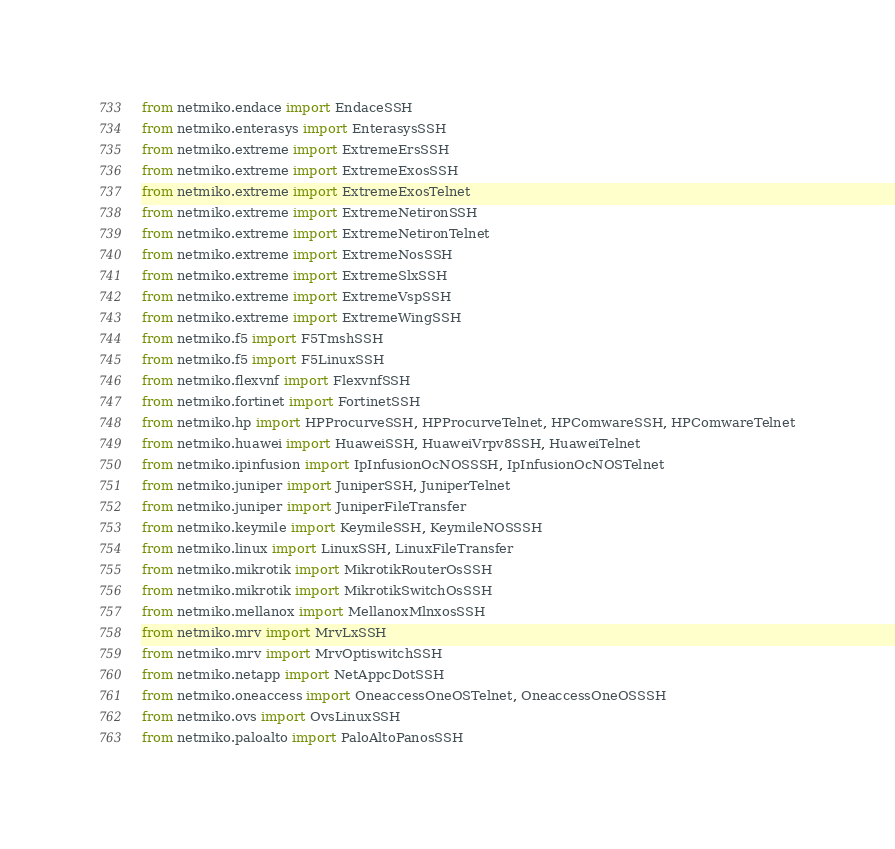<code> <loc_0><loc_0><loc_500><loc_500><_Python_>from netmiko.endace import EndaceSSH
from netmiko.enterasys import EnterasysSSH
from netmiko.extreme import ExtremeErsSSH
from netmiko.extreme import ExtremeExosSSH
from netmiko.extreme import ExtremeExosTelnet
from netmiko.extreme import ExtremeNetironSSH
from netmiko.extreme import ExtremeNetironTelnet
from netmiko.extreme import ExtremeNosSSH
from netmiko.extreme import ExtremeSlxSSH
from netmiko.extreme import ExtremeVspSSH
from netmiko.extreme import ExtremeWingSSH
from netmiko.f5 import F5TmshSSH
from netmiko.f5 import F5LinuxSSH
from netmiko.flexvnf import FlexvnfSSH
from netmiko.fortinet import FortinetSSH
from netmiko.hp import HPProcurveSSH, HPProcurveTelnet, HPComwareSSH, HPComwareTelnet
from netmiko.huawei import HuaweiSSH, HuaweiVrpv8SSH, HuaweiTelnet
from netmiko.ipinfusion import IpInfusionOcNOSSSH, IpInfusionOcNOSTelnet
from netmiko.juniper import JuniperSSH, JuniperTelnet
from netmiko.juniper import JuniperFileTransfer
from netmiko.keymile import KeymileSSH, KeymileNOSSSH
from netmiko.linux import LinuxSSH, LinuxFileTransfer
from netmiko.mikrotik import MikrotikRouterOsSSH
from netmiko.mikrotik import MikrotikSwitchOsSSH
from netmiko.mellanox import MellanoxMlnxosSSH
from netmiko.mrv import MrvLxSSH
from netmiko.mrv import MrvOptiswitchSSH
from netmiko.netapp import NetAppcDotSSH
from netmiko.oneaccess import OneaccessOneOSTelnet, OneaccessOneOSSSH
from netmiko.ovs import OvsLinuxSSH
from netmiko.paloalto import PaloAltoPanosSSH</code>
# # # # #
*Task details*. Each record should be written out exactly, and each image should be omitted.

*Solution*.
<code> <loc_0><loc_0><loc_500><loc_500><_Python_>from netmiko.endace import EndaceSSH
from netmiko.enterasys import EnterasysSSH
from netmiko.extreme import ExtremeErsSSH
from netmiko.extreme import ExtremeExosSSH
from netmiko.extreme import ExtremeExosTelnet
from netmiko.extreme import ExtremeNetironSSH
from netmiko.extreme import ExtremeNetironTelnet
from netmiko.extreme import ExtremeNosSSH
from netmiko.extreme import ExtremeSlxSSH
from netmiko.extreme import ExtremeVspSSH
from netmiko.extreme import ExtremeWingSSH
from netmiko.f5 import F5TmshSSH
from netmiko.f5 import F5LinuxSSH
from netmiko.flexvnf import FlexvnfSSH
from netmiko.fortinet import FortinetSSH
from netmiko.hp import HPProcurveSSH, HPProcurveTelnet, HPComwareSSH, HPComwareTelnet
from netmiko.huawei import HuaweiSSH, HuaweiVrpv8SSH, HuaweiTelnet
from netmiko.ipinfusion import IpInfusionOcNOSSSH, IpInfusionOcNOSTelnet
from netmiko.juniper import JuniperSSH, JuniperTelnet
from netmiko.juniper import JuniperFileTransfer
from netmiko.keymile import KeymileSSH, KeymileNOSSSH
from netmiko.linux import LinuxSSH, LinuxFileTransfer
from netmiko.mikrotik import MikrotikRouterOsSSH
from netmiko.mikrotik import MikrotikSwitchOsSSH
from netmiko.mellanox import MellanoxMlnxosSSH
from netmiko.mrv import MrvLxSSH
from netmiko.mrv import MrvOptiswitchSSH
from netmiko.netapp import NetAppcDotSSH
from netmiko.oneaccess import OneaccessOneOSTelnet, OneaccessOneOSSSH
from netmiko.ovs import OvsLinuxSSH
from netmiko.paloalto import PaloAltoPanosSSH</code>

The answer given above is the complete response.